In this vein, Greg Sargent, writing in yesterday’s Plum Line column for the Washington Post, took issue with the 1980 comparison for several reasons.  The first has to do with the difference in candidate qualities; Sargent writes:   “Reason one: Obama is a better and more likable politician than Jimmy Carter was, and Romney has not proven himself to be Ronald Reagan.”  As evidence, Sargent quotes long-time GOP strategist Ed Rollins who notes that Romney is no Reagan: “There’s no question that on his best day, he’s not a Ronald Reagan…. Traditionally incumbents don’t do as well in debates as challengers for the simple reason that challengers have to stand on the stage and look like an equal. Romney can do that, but Obama is good. He’s likeable. Carter was never likeable.”
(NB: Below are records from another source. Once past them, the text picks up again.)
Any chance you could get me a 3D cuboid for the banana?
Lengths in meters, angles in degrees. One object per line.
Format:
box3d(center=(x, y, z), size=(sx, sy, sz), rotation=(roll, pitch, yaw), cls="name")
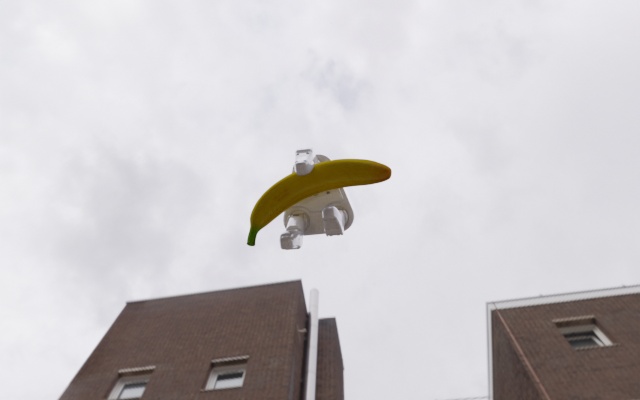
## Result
box3d(center=(-0.010, -0.012, 0.599), size=(0.198, 0.069, 0.037), rotation=(-27, -23, 3), cls="banana")
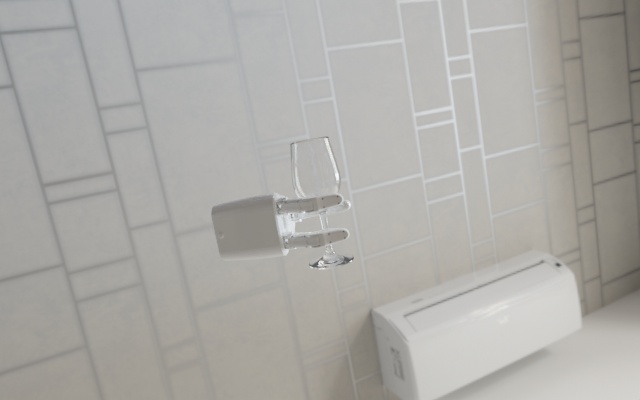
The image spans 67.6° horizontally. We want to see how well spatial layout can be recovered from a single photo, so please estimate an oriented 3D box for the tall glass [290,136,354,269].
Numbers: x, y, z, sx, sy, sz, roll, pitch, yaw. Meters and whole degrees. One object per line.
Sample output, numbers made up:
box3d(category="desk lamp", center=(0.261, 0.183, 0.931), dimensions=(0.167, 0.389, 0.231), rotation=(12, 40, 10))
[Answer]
box3d(category="tall glass", center=(0.000, 0.003, 0.760), dimensions=(0.079, 0.201, 0.079), rotation=(-10, 9, 2))

If asked, I think many pundits would agree with Rollins’ characterization of Carter; he was the moralizing, preachy politician who – with a smugness bordering on arrogance – castigated Americans for their “crisis of confidence”.   It was small wonder that he was viewed as so much less likable when compared to Reagan – the eternal optimist who spouted homilies about America as the shining “city on a hill”.  Not surprisingly, Reagan pulled ahead after their one and only debate in late October, largely because voters had a stronger personal affinity with  Reagan.  The lesson?  Reagan’s sunny optimism trumped Carter’s dour moralizing.
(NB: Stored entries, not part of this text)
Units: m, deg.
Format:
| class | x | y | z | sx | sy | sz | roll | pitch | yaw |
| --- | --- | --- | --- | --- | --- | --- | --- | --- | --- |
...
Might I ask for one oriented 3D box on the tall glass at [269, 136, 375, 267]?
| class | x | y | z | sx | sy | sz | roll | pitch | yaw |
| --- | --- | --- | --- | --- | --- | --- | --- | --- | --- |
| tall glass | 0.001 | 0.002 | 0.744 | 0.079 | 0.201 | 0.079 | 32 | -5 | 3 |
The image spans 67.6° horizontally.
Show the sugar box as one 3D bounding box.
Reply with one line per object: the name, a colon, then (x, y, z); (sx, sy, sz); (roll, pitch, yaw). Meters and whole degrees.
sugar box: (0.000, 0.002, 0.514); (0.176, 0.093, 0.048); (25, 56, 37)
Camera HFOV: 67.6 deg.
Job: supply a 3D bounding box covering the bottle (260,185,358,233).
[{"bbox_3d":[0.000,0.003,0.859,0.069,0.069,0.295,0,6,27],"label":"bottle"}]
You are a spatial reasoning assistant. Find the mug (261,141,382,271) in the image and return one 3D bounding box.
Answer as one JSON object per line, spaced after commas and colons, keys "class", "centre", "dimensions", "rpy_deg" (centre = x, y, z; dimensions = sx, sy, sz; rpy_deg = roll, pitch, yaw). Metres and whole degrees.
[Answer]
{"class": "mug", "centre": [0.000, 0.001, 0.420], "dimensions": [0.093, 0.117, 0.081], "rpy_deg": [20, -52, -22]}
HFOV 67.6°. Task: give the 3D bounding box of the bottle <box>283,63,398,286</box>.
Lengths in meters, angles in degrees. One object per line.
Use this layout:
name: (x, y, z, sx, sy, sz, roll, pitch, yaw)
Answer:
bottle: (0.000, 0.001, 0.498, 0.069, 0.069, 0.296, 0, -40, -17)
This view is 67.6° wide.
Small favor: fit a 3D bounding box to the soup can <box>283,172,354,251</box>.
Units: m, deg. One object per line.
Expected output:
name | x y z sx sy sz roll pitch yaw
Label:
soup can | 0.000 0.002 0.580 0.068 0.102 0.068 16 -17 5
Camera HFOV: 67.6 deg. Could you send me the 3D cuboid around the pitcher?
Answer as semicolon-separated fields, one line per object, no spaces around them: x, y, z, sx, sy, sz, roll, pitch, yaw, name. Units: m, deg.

Alas, Rollins has the story completely backward, as Mo Fiorina reminded us earlier in this this New York Times editorial which I’ve discussed before.    Rather than being disliked, on a personal level Carter was held in far higher regard than Reagan in the eyes of most voters – indeed, despite his low job approval, Carter had the highest-rated personal qualities of any Democratic candidate in the period from 1952-2000, and Reagan had the lowest of any Republican presidential candidate. As Fiorina summarizes: “The Ronald Reagan of October 1980 was not the Reagan of “morning again in America” in 1984, let alone the beloved focus of national mourning in 2004. Many Americans saw the 1980 Reagan as uninformed, reckless, and given to gaffes and wild claims. But despite their misgivings about Reagan, and their view that Carter was a peach of a guy personally, voters opted against four more years of Carter.”

As is often the case, the prevailing view of Carter as unlikeable likely reflects a post-hoc rationalization for why he lost the election, as well as eight years of a largely successful Reagan presidency.  But that’s not how the two candidates were viewed in the run-up to the 1980 election – something Rollins evidently forgets.
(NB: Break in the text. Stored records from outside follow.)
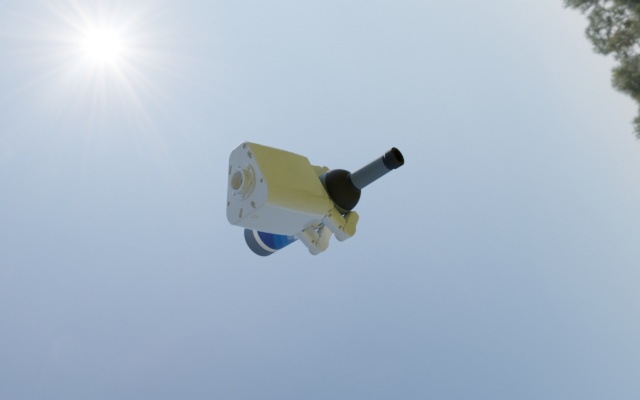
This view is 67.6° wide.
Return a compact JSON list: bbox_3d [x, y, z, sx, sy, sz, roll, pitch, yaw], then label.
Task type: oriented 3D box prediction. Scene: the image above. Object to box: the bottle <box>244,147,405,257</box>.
[{"bbox_3d":[0.000,0.002,0.711,0.296,0.069,0.069,-31,-20,36],"label":"bottle"}]
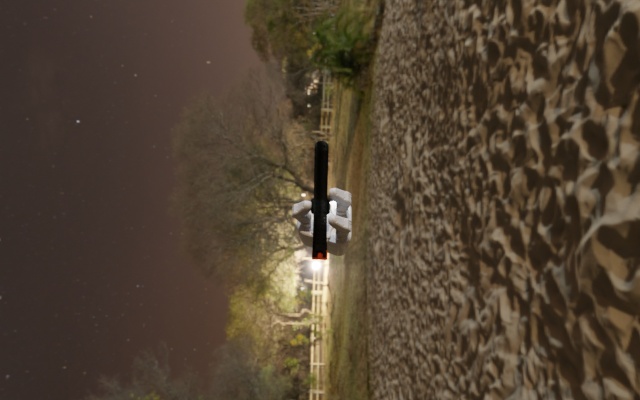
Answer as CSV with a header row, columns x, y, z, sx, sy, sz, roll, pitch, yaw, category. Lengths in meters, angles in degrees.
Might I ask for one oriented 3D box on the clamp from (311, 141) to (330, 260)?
x,y,z,sx,sy,sz,roll,pitch,yaw,category
-0.001,0.003,0.887,0.036,0.210,0.165,1,-21,1,clamp
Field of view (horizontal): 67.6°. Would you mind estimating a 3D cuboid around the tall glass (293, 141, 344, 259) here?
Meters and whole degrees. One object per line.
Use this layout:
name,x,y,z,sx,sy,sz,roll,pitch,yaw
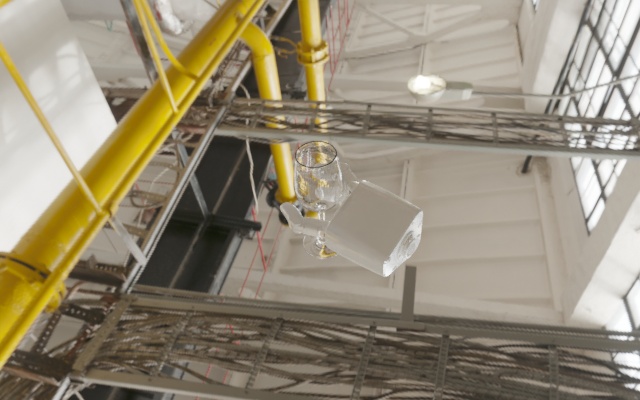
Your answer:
tall glass,0.000,0.003,0.762,0.079,0.079,0.201,-3,-45,3
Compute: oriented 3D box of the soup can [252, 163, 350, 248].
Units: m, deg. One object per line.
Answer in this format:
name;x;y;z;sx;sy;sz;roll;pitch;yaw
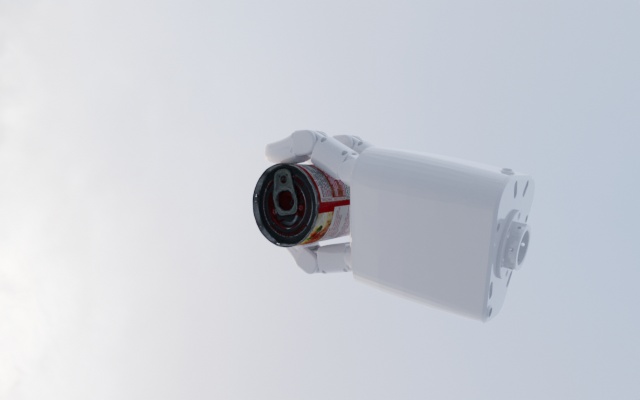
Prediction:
soup can;0.000;0.001;0.420;0.068;0.068;0.102;0;3;37
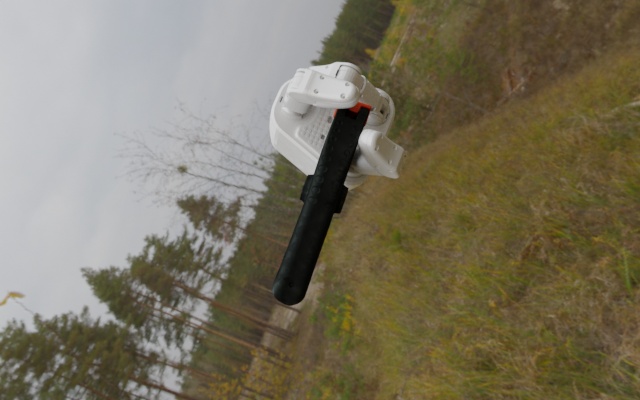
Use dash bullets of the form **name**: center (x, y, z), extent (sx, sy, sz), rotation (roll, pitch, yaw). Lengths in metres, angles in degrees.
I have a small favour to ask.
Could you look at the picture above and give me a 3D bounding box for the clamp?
- **clamp**: center (0.000, 0.001, 0.403), extent (0.039, 0.171, 0.120), rotation (23, -9, -5)
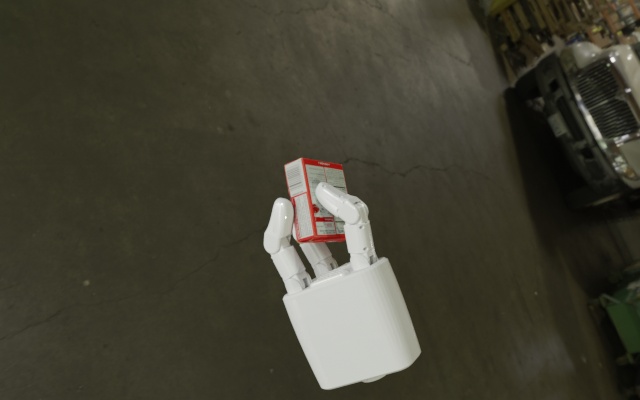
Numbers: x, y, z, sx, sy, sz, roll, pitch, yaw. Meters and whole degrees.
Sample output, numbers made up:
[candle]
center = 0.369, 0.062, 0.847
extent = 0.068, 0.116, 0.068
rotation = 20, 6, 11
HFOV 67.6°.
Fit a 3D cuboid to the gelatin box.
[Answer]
[gelatin box]
center = 0.000, 0.001, 0.526
extent = 0.030, 0.089, 0.073
rotation = -18, -13, 37
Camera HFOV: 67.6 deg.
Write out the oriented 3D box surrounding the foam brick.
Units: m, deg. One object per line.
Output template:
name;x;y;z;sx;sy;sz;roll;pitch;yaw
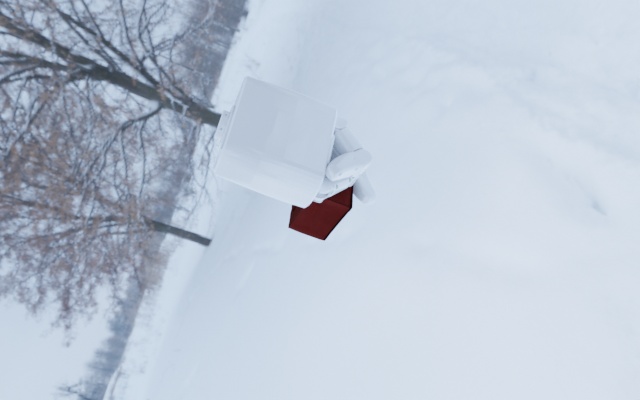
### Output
foam brick;0.000;0.002;0.577;0.051;0.053;0.078;19;-42;-16

But perhaps there’s a second good reason why this year isn’t like 1980? Sargent, again citing Rollins, argues: “Reason two: The electorate is far more polarized now. Rollins notes that a last-minute shift was enabled by the larger role Dem swing voters played at the time. ‘There was a big swing element in the Democratic Party — blue collar Democrats,’ Rollins noted. ‘It’s smaller now.’

Again, I think this analysis is at least in part wrong; as I’ve argued in many previous posts (see here, for example) there’s not much evidence that the electorate is more polarized now than in previous elections.  What has changed is that the choices have become more polarizing.  This may make it less likely that voters of one party will consider voting for the opposing party’s candidate.  But it does not mean that there are not enough undecided voters left to preclude a small shift toward Romney in the closing weeks of this race – and in a tight race, a small shift will be enough.

Is that likely to happen?  I don’t know.  But if it does, it almost surely will have little to do with which candidate is more likeable and instead will turn on more deep-seated voter concerns regarding which candidate is better able to resurrect a moribund economy.  In this respect, 2012 has a lot in common with 1980 – and with 2004 – and with most of the presidential elections in the post-World War II era.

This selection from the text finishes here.